** SOURCE DATA follows **

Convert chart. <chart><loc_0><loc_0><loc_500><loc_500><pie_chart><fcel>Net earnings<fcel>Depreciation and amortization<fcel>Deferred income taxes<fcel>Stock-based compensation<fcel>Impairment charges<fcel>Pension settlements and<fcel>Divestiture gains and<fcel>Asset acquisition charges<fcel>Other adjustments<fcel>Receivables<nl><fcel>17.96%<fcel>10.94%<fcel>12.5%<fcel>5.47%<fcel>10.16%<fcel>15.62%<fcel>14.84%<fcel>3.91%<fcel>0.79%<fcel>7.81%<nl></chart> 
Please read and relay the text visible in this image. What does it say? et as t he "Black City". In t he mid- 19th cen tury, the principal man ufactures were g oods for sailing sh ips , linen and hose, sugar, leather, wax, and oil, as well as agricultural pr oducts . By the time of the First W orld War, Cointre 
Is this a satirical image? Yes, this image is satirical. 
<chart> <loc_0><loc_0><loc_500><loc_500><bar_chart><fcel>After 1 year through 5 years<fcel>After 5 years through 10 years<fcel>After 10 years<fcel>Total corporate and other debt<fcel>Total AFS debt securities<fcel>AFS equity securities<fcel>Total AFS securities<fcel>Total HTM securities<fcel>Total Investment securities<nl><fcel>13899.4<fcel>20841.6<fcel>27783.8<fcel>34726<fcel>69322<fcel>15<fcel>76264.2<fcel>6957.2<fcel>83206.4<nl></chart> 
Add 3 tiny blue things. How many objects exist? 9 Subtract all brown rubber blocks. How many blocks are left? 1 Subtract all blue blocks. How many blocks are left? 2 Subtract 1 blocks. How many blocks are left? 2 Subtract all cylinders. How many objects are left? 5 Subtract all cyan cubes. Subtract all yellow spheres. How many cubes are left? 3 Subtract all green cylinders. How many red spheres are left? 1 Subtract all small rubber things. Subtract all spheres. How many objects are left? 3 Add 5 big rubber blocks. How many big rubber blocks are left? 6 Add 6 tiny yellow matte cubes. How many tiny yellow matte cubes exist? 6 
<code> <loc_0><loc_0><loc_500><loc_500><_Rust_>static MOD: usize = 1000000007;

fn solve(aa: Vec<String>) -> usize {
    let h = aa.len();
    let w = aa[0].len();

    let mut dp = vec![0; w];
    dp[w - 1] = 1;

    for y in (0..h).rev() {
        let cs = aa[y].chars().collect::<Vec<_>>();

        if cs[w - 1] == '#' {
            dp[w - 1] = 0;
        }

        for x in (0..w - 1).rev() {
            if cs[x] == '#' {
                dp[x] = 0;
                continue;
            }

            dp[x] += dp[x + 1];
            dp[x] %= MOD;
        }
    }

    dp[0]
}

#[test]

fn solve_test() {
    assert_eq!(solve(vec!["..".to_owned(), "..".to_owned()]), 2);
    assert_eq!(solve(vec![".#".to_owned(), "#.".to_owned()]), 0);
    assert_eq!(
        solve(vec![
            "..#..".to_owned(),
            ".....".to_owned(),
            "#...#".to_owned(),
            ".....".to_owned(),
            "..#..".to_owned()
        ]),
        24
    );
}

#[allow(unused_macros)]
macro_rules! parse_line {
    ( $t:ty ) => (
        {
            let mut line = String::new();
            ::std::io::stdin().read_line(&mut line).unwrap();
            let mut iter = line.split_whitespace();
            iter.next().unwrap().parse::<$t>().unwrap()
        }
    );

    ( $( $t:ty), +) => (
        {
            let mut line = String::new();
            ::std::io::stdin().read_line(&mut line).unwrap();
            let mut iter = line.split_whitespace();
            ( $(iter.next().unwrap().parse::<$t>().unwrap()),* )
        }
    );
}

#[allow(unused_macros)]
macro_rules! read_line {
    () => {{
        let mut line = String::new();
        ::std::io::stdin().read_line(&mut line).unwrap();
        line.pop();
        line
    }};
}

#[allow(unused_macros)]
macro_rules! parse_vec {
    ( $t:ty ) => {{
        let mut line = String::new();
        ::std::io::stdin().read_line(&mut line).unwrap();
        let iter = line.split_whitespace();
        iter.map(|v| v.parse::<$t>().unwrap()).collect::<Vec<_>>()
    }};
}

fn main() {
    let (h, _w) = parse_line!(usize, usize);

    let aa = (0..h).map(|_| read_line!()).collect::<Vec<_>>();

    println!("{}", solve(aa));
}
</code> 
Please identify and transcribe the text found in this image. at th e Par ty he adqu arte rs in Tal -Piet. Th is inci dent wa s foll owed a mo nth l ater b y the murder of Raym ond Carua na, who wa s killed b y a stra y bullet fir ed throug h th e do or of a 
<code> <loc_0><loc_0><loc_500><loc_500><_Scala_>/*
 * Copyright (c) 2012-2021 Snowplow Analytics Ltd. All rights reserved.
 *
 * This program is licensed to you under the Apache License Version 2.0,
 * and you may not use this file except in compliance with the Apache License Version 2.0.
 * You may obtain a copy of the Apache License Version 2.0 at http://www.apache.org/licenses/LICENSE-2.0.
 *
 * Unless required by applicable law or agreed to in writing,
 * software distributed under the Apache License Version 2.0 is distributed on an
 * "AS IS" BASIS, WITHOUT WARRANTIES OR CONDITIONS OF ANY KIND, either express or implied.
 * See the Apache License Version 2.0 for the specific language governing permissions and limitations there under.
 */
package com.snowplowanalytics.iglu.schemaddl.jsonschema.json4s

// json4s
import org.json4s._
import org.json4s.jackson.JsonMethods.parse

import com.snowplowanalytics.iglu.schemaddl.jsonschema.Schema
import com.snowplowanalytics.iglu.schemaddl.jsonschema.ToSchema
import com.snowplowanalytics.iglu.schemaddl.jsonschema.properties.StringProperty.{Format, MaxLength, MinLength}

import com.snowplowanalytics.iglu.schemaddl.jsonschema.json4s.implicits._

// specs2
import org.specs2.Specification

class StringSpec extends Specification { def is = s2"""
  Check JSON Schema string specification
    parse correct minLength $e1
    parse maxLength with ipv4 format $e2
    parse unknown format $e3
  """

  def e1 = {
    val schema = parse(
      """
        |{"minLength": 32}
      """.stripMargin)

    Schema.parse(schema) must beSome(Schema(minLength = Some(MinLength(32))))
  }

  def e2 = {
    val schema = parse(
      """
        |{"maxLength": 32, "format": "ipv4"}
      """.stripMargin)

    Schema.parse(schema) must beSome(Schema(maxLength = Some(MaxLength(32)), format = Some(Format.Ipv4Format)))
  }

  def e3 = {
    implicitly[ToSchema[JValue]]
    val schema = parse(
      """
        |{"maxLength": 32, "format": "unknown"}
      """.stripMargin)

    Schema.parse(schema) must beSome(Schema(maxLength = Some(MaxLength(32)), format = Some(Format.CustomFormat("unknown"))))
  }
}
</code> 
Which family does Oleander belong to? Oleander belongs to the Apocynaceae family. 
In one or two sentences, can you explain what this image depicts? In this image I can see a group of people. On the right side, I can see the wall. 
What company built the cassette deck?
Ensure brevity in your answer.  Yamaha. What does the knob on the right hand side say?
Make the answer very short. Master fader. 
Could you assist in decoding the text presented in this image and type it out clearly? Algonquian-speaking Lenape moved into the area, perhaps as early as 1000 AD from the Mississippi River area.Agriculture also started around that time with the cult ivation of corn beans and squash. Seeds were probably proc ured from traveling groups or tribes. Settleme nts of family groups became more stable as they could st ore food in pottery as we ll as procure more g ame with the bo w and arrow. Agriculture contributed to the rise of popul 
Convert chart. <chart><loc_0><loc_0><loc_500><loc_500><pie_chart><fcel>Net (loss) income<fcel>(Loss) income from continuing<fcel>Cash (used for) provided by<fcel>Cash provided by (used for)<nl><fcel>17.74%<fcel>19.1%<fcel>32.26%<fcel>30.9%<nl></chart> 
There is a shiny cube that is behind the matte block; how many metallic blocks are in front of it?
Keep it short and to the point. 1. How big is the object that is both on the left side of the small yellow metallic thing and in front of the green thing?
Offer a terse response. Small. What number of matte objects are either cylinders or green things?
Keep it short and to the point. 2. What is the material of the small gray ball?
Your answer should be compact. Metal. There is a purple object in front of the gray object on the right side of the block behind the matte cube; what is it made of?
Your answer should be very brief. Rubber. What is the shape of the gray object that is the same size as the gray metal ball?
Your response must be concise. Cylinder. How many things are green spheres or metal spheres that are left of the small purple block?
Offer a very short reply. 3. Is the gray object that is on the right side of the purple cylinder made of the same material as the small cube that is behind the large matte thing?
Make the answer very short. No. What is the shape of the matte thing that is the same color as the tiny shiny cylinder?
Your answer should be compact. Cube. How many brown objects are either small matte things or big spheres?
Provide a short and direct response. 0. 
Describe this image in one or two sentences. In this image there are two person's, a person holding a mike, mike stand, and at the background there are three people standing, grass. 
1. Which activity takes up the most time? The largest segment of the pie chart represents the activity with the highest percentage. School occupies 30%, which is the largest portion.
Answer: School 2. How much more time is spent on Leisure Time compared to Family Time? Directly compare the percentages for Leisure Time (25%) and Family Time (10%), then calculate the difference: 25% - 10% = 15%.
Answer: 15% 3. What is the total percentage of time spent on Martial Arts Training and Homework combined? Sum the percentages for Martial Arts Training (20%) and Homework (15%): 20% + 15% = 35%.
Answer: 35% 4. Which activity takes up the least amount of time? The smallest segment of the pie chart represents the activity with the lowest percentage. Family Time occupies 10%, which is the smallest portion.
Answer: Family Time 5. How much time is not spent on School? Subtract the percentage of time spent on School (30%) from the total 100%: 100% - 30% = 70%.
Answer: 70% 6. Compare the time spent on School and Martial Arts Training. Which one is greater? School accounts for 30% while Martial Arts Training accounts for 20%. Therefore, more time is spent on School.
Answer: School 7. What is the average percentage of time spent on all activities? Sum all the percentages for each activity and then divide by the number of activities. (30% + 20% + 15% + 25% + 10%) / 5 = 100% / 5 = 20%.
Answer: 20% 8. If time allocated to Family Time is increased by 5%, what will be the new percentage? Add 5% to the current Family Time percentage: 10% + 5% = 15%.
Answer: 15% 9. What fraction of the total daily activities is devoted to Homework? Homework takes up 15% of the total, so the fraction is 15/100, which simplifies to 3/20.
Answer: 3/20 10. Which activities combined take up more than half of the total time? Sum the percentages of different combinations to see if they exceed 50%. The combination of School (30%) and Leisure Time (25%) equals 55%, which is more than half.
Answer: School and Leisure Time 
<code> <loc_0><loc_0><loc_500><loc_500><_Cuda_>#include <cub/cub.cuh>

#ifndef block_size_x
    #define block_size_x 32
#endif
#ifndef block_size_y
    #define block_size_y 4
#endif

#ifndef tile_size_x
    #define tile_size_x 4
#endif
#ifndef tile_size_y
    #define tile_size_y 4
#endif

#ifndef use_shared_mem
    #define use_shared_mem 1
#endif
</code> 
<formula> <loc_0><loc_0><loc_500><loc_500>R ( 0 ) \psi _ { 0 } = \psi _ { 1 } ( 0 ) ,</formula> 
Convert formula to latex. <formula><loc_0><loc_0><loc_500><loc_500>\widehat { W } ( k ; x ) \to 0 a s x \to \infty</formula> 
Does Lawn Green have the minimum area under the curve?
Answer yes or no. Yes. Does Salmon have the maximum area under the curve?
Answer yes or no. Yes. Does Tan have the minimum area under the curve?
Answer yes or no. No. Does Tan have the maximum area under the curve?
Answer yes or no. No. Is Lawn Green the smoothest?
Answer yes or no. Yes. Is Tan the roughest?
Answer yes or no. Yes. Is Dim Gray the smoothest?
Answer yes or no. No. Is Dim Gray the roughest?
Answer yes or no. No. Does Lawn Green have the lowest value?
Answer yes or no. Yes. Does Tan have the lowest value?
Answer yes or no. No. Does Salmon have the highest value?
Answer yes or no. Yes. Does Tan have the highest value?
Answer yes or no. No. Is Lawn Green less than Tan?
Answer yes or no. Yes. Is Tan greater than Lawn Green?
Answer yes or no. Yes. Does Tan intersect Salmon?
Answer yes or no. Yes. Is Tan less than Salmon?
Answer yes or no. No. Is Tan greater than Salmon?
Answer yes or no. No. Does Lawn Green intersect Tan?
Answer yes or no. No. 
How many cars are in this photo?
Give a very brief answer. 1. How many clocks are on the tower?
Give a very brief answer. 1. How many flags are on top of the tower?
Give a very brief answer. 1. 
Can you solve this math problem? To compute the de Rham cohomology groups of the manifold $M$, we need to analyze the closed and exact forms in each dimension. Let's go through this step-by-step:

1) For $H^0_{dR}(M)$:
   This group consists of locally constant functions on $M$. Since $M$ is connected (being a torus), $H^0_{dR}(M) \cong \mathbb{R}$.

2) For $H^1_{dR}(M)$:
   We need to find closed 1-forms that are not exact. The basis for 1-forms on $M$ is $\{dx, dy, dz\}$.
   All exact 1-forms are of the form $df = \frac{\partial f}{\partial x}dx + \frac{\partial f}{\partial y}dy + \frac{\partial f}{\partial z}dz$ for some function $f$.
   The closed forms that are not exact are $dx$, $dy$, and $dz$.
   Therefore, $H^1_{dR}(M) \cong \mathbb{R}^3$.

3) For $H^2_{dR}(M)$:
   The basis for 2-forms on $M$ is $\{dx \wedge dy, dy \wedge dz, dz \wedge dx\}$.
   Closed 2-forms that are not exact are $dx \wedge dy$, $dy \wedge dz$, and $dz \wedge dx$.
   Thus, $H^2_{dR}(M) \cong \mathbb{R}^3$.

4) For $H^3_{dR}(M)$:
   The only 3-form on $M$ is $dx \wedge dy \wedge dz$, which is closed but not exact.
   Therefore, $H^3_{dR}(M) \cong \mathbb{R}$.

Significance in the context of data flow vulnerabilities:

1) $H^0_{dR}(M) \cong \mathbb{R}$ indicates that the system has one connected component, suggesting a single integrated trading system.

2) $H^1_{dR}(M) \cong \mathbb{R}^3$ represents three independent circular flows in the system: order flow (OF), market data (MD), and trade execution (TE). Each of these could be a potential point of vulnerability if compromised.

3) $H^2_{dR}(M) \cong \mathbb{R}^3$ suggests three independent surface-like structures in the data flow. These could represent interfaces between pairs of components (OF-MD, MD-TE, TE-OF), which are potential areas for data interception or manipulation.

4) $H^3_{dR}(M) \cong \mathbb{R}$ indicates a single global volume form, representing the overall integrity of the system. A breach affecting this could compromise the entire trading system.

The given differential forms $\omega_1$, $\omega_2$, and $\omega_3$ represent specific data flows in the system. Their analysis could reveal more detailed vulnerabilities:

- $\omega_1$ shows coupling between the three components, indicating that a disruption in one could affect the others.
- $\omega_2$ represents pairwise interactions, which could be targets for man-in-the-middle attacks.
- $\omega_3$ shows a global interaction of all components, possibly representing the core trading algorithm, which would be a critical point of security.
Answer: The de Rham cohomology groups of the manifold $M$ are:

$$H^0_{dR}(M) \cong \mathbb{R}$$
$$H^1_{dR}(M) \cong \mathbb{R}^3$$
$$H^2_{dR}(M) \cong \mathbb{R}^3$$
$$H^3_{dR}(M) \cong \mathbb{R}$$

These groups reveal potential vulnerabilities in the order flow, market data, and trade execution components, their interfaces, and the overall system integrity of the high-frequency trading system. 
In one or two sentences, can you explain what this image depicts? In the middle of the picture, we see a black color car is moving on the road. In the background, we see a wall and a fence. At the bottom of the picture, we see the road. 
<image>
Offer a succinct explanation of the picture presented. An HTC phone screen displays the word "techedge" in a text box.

** End of SOURCE DATA **

→ ASSIGNED TASK
Go line by line through the data and copy any that contain "usize".

→ ANSWER SPACE
<code> <loc_0><loc_0><loc_500><loc_500><_Rust_>static MOD: usize = 1000000007;
fn solve(aa: Vec<String>) -> usize {
    let (h, _w) = parse_line!(usize, usize);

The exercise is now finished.